▶ [Exercise inputs]:
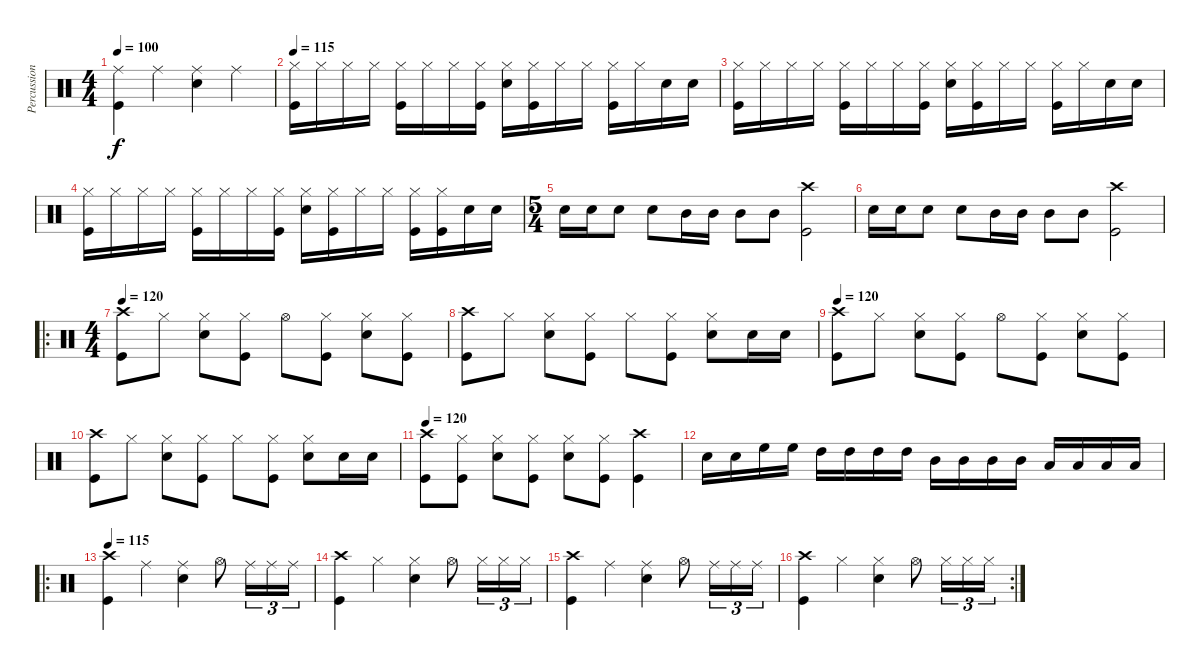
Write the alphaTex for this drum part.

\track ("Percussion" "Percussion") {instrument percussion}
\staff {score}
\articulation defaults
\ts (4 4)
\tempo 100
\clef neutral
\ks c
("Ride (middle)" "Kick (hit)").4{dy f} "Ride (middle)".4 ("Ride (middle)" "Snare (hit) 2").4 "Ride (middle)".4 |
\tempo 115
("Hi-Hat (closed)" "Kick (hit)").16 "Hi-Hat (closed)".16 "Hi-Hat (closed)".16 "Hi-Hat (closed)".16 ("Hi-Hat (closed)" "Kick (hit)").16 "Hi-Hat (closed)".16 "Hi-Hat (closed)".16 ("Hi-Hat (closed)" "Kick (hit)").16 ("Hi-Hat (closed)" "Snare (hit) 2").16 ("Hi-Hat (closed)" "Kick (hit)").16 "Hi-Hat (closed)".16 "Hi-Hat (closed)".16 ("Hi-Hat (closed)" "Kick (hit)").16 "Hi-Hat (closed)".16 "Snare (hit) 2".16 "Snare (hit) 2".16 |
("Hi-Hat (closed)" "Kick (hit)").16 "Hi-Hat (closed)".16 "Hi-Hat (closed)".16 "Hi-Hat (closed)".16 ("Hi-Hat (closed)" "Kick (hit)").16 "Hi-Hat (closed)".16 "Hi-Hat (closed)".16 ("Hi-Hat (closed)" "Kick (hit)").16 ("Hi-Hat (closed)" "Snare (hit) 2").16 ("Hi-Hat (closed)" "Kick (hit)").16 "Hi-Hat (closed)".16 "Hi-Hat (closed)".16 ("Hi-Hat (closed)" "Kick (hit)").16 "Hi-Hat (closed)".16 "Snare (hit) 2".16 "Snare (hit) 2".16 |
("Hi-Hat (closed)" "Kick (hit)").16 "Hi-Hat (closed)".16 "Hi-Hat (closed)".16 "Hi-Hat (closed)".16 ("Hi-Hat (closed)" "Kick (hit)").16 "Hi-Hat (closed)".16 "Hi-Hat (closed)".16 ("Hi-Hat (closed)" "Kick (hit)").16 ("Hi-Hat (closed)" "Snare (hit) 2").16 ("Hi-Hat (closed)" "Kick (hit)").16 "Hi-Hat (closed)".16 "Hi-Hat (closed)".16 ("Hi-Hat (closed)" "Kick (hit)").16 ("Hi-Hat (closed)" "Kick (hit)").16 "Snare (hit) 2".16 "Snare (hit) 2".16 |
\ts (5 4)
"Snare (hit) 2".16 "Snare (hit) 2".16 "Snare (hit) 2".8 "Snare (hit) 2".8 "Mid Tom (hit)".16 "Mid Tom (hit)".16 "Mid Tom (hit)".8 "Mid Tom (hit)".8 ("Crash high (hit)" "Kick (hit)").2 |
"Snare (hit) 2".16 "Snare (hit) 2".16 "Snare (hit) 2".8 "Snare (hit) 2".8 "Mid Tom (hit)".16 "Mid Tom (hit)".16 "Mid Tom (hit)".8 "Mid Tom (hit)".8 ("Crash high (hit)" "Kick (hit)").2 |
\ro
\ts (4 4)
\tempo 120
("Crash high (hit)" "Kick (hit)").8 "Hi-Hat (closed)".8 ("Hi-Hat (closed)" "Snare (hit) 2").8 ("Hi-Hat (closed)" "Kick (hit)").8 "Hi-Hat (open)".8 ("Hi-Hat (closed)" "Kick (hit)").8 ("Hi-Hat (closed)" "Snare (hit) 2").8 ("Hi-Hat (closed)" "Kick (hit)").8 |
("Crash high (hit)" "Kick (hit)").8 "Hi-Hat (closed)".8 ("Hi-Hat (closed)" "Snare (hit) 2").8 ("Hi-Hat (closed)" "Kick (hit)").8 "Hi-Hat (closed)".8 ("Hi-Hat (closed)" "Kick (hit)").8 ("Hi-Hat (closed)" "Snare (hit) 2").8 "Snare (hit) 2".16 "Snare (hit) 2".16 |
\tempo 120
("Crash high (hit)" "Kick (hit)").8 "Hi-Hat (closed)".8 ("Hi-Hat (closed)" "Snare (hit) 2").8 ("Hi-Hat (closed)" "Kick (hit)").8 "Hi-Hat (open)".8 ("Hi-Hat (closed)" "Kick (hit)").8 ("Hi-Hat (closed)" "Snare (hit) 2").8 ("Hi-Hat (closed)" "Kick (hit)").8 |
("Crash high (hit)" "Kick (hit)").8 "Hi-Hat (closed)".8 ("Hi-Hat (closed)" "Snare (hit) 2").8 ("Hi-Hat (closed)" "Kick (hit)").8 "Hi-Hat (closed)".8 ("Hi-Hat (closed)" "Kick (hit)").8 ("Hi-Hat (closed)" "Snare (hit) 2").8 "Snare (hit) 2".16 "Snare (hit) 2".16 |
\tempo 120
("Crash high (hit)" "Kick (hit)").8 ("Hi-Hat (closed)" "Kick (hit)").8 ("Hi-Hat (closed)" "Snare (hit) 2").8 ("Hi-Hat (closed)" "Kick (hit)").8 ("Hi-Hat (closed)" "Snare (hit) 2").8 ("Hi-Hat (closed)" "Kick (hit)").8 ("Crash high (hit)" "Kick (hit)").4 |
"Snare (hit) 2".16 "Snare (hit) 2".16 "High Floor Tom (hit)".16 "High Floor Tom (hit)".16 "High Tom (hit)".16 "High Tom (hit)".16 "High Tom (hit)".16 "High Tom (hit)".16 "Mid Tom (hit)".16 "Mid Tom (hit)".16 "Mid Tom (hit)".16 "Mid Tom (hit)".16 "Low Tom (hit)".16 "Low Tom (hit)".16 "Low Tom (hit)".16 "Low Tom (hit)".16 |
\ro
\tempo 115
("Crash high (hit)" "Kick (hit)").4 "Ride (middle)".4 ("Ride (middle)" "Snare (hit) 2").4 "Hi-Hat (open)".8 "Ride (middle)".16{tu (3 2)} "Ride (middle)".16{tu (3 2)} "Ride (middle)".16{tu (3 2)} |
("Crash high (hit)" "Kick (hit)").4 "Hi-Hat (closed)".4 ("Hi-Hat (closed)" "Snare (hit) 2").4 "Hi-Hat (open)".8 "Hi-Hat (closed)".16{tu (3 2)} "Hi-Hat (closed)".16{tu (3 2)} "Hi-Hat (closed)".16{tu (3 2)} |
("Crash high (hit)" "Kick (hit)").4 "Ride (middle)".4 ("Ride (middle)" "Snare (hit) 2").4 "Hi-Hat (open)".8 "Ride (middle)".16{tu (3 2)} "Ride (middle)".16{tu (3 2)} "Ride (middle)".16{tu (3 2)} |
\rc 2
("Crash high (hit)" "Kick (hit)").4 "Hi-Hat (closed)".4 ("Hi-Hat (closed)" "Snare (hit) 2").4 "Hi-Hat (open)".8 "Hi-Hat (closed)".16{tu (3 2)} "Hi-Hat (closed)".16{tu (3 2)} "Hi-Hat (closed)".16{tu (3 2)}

* * *

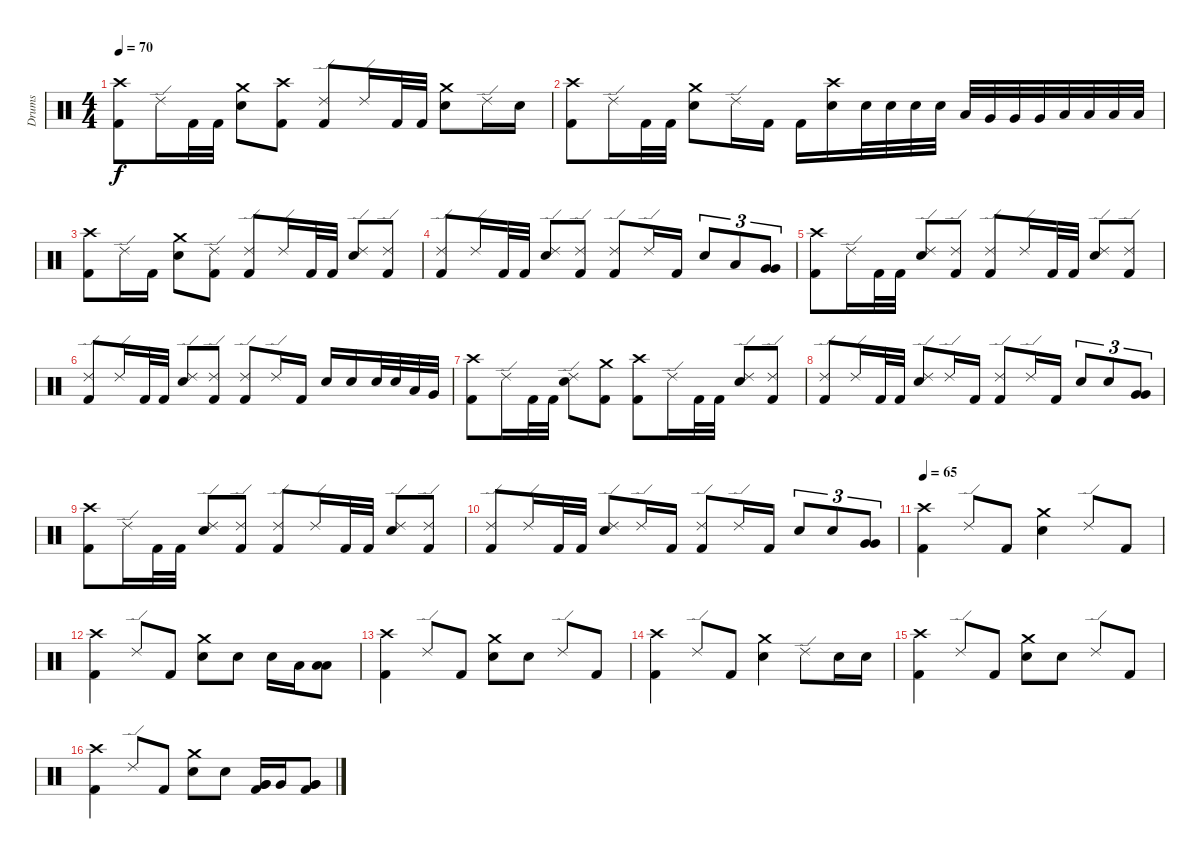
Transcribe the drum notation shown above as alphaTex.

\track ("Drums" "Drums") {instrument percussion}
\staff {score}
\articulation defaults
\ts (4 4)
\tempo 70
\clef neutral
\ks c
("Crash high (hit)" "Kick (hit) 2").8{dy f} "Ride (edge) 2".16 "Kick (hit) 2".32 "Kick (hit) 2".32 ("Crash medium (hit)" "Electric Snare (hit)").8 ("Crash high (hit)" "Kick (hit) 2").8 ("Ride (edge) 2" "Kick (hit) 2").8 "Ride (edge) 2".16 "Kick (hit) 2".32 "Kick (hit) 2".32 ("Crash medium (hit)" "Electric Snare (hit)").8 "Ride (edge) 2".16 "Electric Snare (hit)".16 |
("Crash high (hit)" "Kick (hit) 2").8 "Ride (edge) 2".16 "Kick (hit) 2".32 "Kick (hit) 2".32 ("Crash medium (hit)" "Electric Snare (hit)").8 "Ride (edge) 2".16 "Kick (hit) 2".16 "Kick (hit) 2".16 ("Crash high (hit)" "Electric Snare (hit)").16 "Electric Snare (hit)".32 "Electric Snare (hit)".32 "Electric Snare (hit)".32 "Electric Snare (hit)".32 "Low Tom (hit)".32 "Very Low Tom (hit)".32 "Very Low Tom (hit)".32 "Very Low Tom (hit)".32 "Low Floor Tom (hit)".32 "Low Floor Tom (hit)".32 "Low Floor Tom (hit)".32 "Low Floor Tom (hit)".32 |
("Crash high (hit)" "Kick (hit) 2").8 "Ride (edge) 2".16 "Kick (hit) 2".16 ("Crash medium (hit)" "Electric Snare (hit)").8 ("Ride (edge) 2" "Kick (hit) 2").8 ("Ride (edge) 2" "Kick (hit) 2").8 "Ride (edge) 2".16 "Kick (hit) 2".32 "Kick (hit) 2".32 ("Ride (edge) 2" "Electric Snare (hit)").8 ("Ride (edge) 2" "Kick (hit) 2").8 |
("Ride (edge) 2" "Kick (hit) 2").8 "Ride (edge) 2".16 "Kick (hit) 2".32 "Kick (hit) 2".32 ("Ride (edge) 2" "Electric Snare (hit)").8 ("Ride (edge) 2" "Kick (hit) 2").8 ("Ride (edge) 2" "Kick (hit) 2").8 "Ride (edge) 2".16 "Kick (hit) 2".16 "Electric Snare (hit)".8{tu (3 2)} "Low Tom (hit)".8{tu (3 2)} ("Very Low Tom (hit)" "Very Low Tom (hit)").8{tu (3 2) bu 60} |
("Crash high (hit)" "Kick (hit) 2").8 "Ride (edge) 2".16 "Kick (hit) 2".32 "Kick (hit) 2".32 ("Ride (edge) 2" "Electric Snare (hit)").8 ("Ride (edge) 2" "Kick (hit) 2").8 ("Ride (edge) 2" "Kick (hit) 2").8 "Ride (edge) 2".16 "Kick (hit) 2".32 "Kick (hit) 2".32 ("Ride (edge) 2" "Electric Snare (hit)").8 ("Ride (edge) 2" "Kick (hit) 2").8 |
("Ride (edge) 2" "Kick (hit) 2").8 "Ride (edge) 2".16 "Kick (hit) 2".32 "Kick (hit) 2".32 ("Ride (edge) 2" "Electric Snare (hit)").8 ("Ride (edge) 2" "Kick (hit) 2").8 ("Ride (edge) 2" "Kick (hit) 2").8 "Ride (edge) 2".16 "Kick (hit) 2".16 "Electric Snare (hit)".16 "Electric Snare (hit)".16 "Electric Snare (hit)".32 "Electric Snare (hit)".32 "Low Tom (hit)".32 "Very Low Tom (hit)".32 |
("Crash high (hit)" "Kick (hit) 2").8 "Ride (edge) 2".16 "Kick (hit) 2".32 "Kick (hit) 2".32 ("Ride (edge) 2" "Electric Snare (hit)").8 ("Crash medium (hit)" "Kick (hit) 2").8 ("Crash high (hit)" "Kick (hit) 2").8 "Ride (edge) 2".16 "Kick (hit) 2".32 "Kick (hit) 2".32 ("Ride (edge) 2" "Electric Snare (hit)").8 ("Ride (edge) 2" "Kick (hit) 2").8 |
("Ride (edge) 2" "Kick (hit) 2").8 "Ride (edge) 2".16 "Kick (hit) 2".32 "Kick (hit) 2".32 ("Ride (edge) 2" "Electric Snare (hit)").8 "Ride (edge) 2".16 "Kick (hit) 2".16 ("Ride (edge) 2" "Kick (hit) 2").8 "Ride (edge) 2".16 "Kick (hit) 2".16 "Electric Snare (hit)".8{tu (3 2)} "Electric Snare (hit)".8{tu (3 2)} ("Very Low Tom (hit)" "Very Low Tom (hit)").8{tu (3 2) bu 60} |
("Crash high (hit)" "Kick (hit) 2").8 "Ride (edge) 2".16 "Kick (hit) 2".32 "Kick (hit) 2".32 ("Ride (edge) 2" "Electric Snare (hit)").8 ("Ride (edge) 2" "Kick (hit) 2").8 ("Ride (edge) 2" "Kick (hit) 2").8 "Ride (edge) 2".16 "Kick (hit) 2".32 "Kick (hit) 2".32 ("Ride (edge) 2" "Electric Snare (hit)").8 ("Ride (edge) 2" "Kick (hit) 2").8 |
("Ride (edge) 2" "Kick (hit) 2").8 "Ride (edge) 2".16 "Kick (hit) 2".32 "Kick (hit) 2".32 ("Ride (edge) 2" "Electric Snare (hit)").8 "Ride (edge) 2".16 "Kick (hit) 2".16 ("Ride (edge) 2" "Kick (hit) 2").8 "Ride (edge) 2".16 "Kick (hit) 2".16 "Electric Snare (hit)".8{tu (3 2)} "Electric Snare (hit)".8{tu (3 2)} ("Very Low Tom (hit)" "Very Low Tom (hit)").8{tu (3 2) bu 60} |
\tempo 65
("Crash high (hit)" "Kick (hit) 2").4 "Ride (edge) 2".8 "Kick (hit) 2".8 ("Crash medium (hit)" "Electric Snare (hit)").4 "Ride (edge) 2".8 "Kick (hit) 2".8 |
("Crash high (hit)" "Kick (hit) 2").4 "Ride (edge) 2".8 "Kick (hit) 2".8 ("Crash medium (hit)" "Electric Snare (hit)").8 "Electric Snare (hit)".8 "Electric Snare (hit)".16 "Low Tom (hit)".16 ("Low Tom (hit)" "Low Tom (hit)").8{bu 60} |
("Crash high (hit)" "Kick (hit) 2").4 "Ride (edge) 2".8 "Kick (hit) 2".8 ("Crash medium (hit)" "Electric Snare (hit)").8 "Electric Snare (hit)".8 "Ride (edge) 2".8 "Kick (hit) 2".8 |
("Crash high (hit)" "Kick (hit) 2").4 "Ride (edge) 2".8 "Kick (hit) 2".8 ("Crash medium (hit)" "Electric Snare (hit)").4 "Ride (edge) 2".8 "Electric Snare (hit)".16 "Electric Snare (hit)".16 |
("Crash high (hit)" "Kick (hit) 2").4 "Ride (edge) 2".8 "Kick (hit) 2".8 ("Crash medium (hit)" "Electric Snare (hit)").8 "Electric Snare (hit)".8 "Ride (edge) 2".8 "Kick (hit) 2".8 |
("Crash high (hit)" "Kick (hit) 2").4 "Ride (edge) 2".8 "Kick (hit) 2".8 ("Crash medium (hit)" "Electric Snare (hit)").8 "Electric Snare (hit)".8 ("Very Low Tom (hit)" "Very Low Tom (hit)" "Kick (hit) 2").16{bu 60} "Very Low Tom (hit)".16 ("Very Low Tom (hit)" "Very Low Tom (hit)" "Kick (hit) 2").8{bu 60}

▶ [What is required]:
Copy every line of the records above that holds the word "track".

▶ [Exercise answer]:
\track ("Percussion" "Percussion") {instrument percussion}
\track ("Drums" "Drums") {instrument percussion}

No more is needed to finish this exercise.